Most studies included upper and lower limb injuries (52/96; 54%). Forty-three (45%) only considered lower limb injuries and only one case study exclusively reported an upper limb injury [56]. Fifty-four (56%) of the studies only included bone or stress fractures. Only one of these studies was not related to MI. Eighteen (19%) of the studies specifically investigated ligament injuries, of which only three included ligaments other than the ACL. Fourteen (15%) studies investigating ligament injuries were related to the MCP. While muscle and tendon injuries might have been included in studies that considered injuries to multiple tissue types, only one study specified the inclusion of muscle or tendon injuries.

5.6 MCP Characteristics

Twenty-five (25/96; 26%) studies investigated MCP with or without MI and HC. Most (18/25; 72%) did not report the definition of eumenorrhea. The remaining studies’ definitions of eumenorrhea varied and were based on one or more parameters, as summarised in Table 1. Similarly, the division of MCP differed, as summarised in Table 2.

Table 1 Parameters on which studies based the definition of eumenorrhea
Table 2 Differences in the division of the menstrual cycle into sub-phases

The division of the menstrual cycle in its sub-phases differed between studies and is summarised in Table 2.

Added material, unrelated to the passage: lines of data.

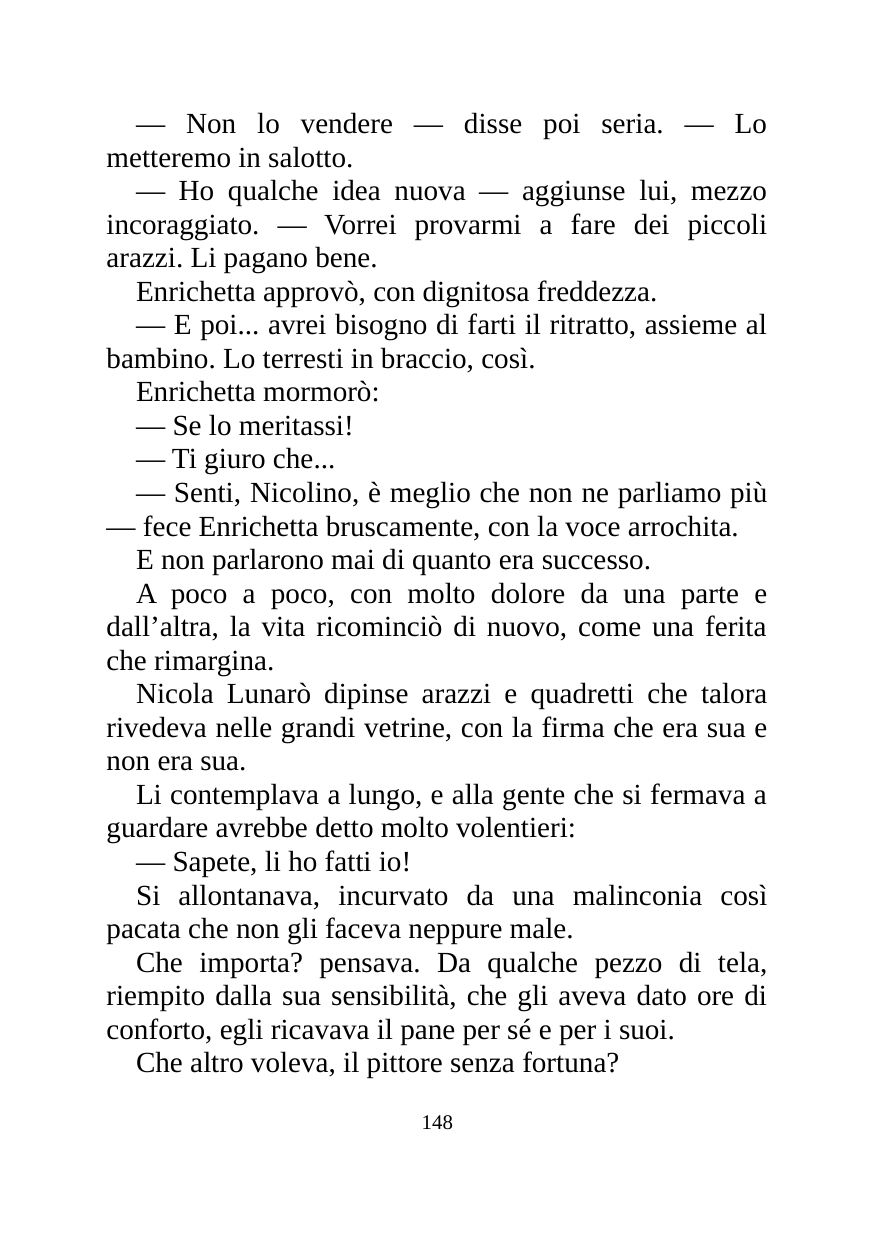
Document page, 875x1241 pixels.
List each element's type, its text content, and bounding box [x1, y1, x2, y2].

text Li contemplava a lungo, e alla gente che si fermava a guardare avrebbe detto molto volentieri: [106, 777, 768, 844]
text — Non lo vendere — disse poi seria. — Lo metteremo in salotto. [106, 106, 768, 173]
text Enrichetta mormorò: [106, 374, 768, 408]
text Che altro voleva, il pittore senza fortuna? [106, 1045, 768, 1079]
text Che importa? pensava. Da qualche pezzo di tela, riempito dalla sua sensibilità, che gli aveva dato ore di conforto, egli ricavava il pane per sé e per i suoi. [106, 945, 768, 1045]
text A poco a poco, con molto dolore da una parte e dall’altra, la vita ricominciò di nuovo, come una ferita che rimargina. [106, 576, 768, 676]
text Nicola Lunarò dipinse arazzi e quadretti che talora rivedeva nelle grandi vetrine, con la firma che era sua e non era sua. [106, 676, 768, 777]
text — Senti, Nicolino, è meglio che non ne parliamo più — fece Enrichetta bruscamente, con la voce arrochita. [106, 475, 768, 542]
text — Sapete, li ho fatti io! [106, 844, 768, 878]
text — Ti giuro che... [106, 442, 768, 475]
text E non parlarono mai di quanto era successo. [106, 542, 768, 576]
text — Ho qualche idea nuova — aggiunse lui, mezzo incoraggiato. — Vorrei provarmi a fare dei piccoli arazzi. Li pagano bene. [106, 173, 768, 274]
text Si allontanava, incurvato da una malinconia così pacata che non gli faceva neppure male. [106, 878, 768, 945]
text — Se lo meritassi! [106, 408, 768, 442]
text — E poi... avrei bisogno di farti il ritratto, assieme al bambino. Lo terresti in braccio, così. [106, 307, 768, 374]
text Enrichetta approvò, con dignitosa freddezza. [106, 274, 768, 307]
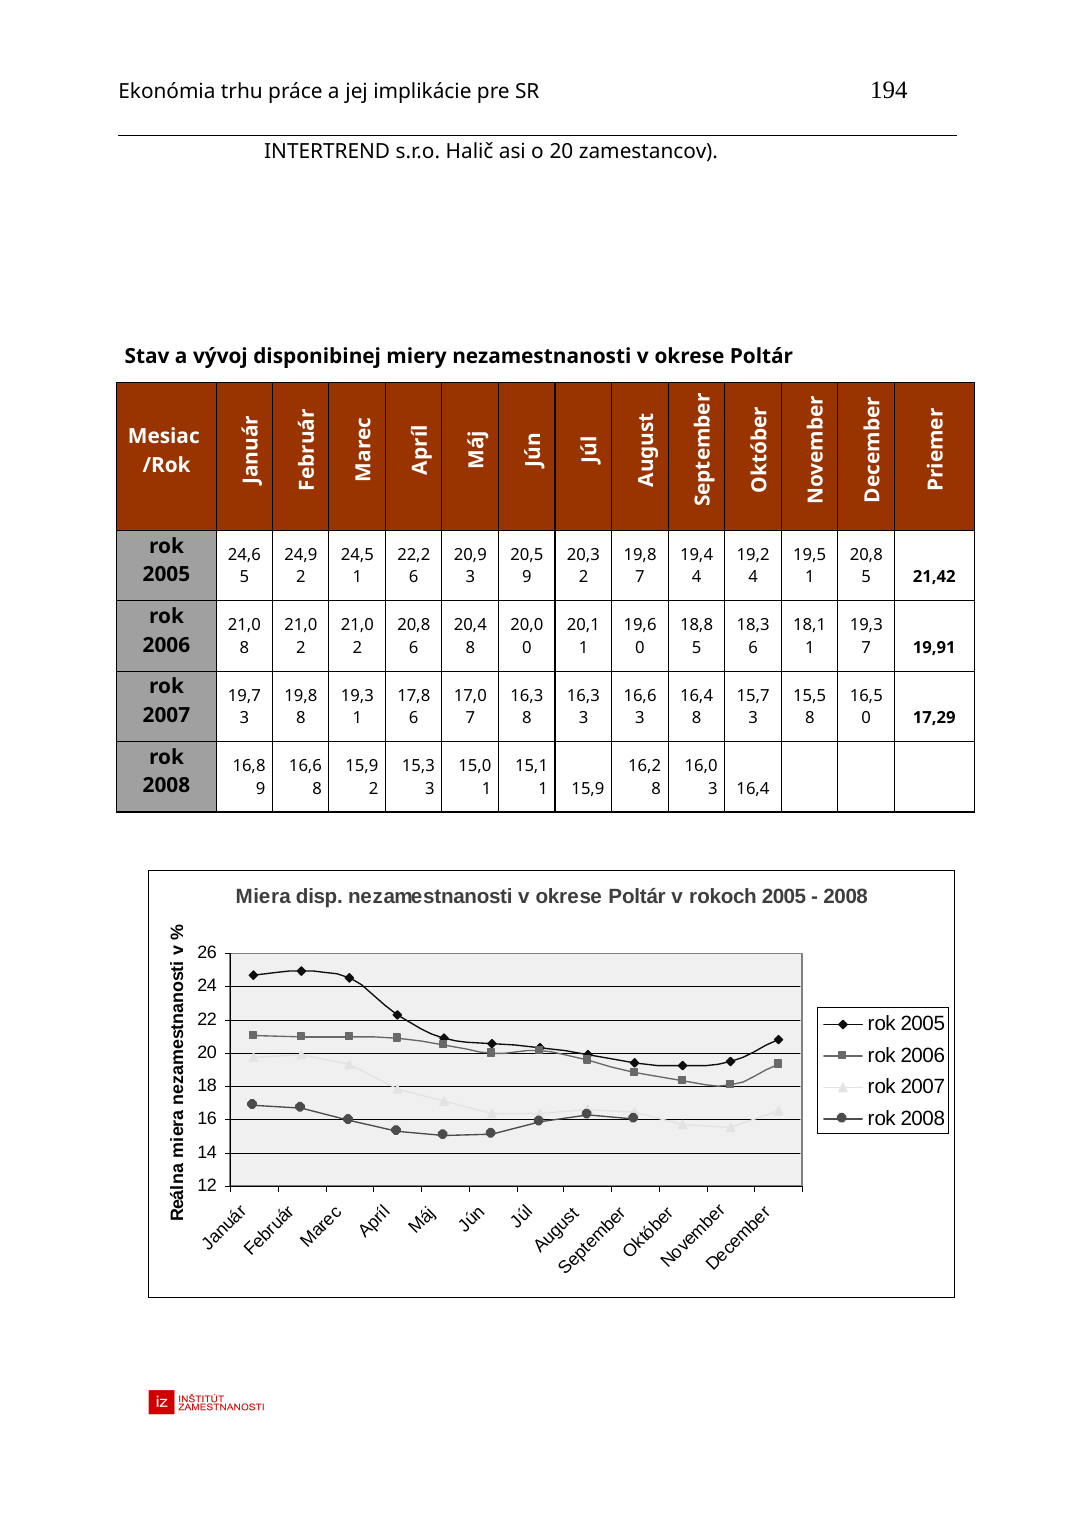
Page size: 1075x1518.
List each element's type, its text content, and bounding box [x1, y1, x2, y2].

table_header Marec [329, 383, 385, 530]
table_cell rok 2006 [117, 601, 216, 671]
table_cell 24,65 [217, 531, 272, 600]
table_cell 21,08 [217, 601, 272, 671]
table_header Jún [499, 383, 554, 530]
table_cell rok 2008 [117, 742, 216, 811]
table_header Máj [442, 383, 498, 530]
table_cell 18,36 [725, 601, 781, 671]
table_cell 16,03 [669, 742, 724, 811]
table_cell 16,50 [838, 672, 894, 741]
table_cell 15,9 [556, 742, 611, 811]
table_cell 16,38 [499, 672, 554, 741]
list INTERTREND s.r.o. Halič asi o 20 zamestancov). [226, 136, 957, 164]
table_cell 20,11 [556, 601, 611, 671]
table_cell [895, 742, 974, 811]
table_cell 24,92 [273, 531, 328, 600]
table_cell 16,68 [273, 742, 328, 811]
table_cell [838, 742, 894, 811]
table_header Júl [556, 383, 611, 530]
table_cell rok 2007 [117, 672, 216, 741]
table_cell 20,32 [556, 531, 611, 600]
text Stav a vývoj disponibinej miery nezamestnanosti v okrese Poltár [124, 341, 957, 369]
table_cell 16,33 [556, 672, 611, 741]
table_cell 19,91 [895, 601, 974, 671]
table_header November [782, 383, 837, 530]
table_cell 18,85 [669, 601, 724, 671]
table_cell 19,88 [273, 672, 328, 741]
table_cell 16,28 [612, 742, 668, 811]
table_cell 19,51 [782, 531, 837, 600]
table_header Február [273, 383, 328, 530]
table_cell 20,85 [838, 531, 894, 600]
table_cell 17,29 [895, 672, 974, 741]
table_cell 18,11 [782, 601, 837, 671]
table_cell 21,02 [273, 601, 328, 671]
table_cell 20,93 [442, 531, 498, 600]
table_cell 17,07 [442, 672, 498, 741]
table_cell 20,48 [442, 601, 498, 671]
table_cell 22,26 [386, 531, 441, 600]
table_cell 19,37 [838, 601, 894, 671]
table_cell 20,86 [386, 601, 441, 671]
table_cell 15,58 [782, 672, 837, 741]
table_cell 15,92 [329, 742, 385, 811]
table_cell 19,87 [612, 531, 668, 600]
table_cell 21,02 [329, 601, 385, 671]
table_cell 16,63 [612, 672, 668, 741]
table_header August [612, 383, 668, 530]
table_cell 20,59 [499, 531, 554, 600]
table_header Priemer [895, 383, 974, 530]
table_cell [782, 742, 837, 811]
table_cell 19,24 [725, 531, 781, 600]
table_cell 19,73 [217, 672, 272, 741]
picture [134, 1370, 278, 1434]
table_cell 15,11 [499, 742, 554, 811]
table_cell 17,86 [386, 672, 441, 741]
table_cell 16,48 [669, 672, 724, 741]
table_cell 20,00 [499, 601, 554, 671]
table_header Január [217, 383, 272, 530]
table_cell 21,42 [895, 531, 974, 600]
table_cell 16,89 [217, 742, 272, 811]
table_cell 16,4 [725, 742, 781, 811]
table_header Október [725, 383, 781, 530]
table_cell 19,44 [669, 531, 724, 600]
table_header Mesiac /Rok [117, 383, 216, 530]
table_cell 19,31 [329, 672, 385, 741]
table_cell 15,01 [442, 742, 498, 811]
table_cell rok 2005 [117, 531, 216, 600]
table_cell 19,60 [612, 601, 668, 671]
table_cell 24,51 [329, 531, 385, 600]
table_cell 15,73 [725, 672, 781, 741]
table_header December [838, 383, 894, 530]
table_header Apríl [386, 383, 441, 530]
table_cell 15,33 [386, 742, 441, 811]
table_header September [669, 383, 724, 530]

Six (6/24; 25%) studies did not report how MCPs were confirmed. Of the remaining studies, 11 [44, 46, 58,59,60,61,62,63, 66, 68, 74] relied on participant self-reporting. Two of the studies relied on more than one more than one medical test (i.e. blood, saliva or urinary) testing method. Three, two and one studies confirmed MCP by blood, saliva and urinary testing, respectively.

5.7 MI Characteristics

Seventy-four (74/96; 77%) studies investigated MI with or without MCP and/or HC. Several studies included more than one type of MI. Nine (9/74;12%) studies stated MIs were investigated but did not specify the type of MI, while another study [6] pooled amenorrhea, oligomenorrhea and delayed-onset menarche as MI but did not report the definitions of each. Most studies (50/74; 69%) investigated secondary amenorrhea, followed by oligomenorrhea (38/74; 51%), primary amenorrhea (32/74; 43%), luteal-phase deficit (1/74;1%) and one anovulation (1/74;1%). Twenty studies investigated the age of menarche, of which two [47, 75] (10%) considered early-onset menarche and 18 (90%) considered delayed-onset menarche. The definition for early-onset menarche in both studies was a first period younger than 12 years. However, the definition of delayed-onset menarche differed, with studies considering ages ≥ 16 years [76,77,78], ≥ 15 years [79], and > 14 years respectively as “delayed”.

5.8 HC Characteristics

Fifty-three studies investigated HC use as a contributor to injury risk. Eleven (11/53; 21%) did not specify the type of HC investigated. Three studies included more than one type of HC. Oral contraceptive pills were most commonly investigated (42/53; 79%), followed by injections (4/53; 9%), intrauterine devices (2/53; 37.7%) and one (6%) vaginal ring. Only eight (8/53;19%) of the studies investigating OCPs specified the type or composition of OCP used by athletes. None of the studies considered the different phases of multi-phase contraceptives.

6 Discussion

More research is being published on the influence of endogenous and exogenous hormonal fluctuations on female athletes’ injury risk [80]. This scoping review aimed to summarise the characteristics of the literature related to the association between MCP, MI and HC use and MSK injury among female athletes and identify gaps to aid the planning and commissioning of future research.

6.1 Themes

Almost half (48%) of the studies included in this review investigated more than one theme (i.e. MI, CMP and or HC use). Including more than one female hormone-related contributing risk factor acknowledges and reflects the diversity in endogenous and exogenous hormone profiles in female sports teams or training groups. Authors should consider sample sizes that are large enough for a meaningful thematic subgroup analysis. Of the three main themes, the MCP was investigated least (23% of studies). This might be because of the challenges related to MCP research including feasible methods verifying MCPs [27] and athlete barriers to communication about their menstrual cycles. Investigations to identify and address methodological challenges associated with MCP research might result in more MCP-related research in all female athlete domains.

6.2 Study Characteristics

Research about the MCP, HC use and injury in female athletes has increased in the last 5 years. Considering the increase in the popularity of women’s sport (both participation and media coverage), it is fitting that research regarding the MCP and HC use has also increased [80,81,82,83]. Whilst the number of articles published in the domain has increased, there is a noticeable lack of research from certain countries across the world. High-income countries such as North America and Europe account for most of the research, with no research from South America and minimal research from Africa, Oceania and Asia. This lack of evidence from low-income to middle-income countries is a common thread among many sports medicine and sports science research areas [84]. Further, only a few articles included data from multiple countries. This lack of multi-national collaboration and multi-site projects is an area for improvement that could aid in pooling research data and potentially increase cohort numbers, thereby accelerating our learning on the topic and reducing research waste [85, 86]. Additionally, consortium-type research will increase the impact of the research and enhance researchers’ understanding of the differences between regions.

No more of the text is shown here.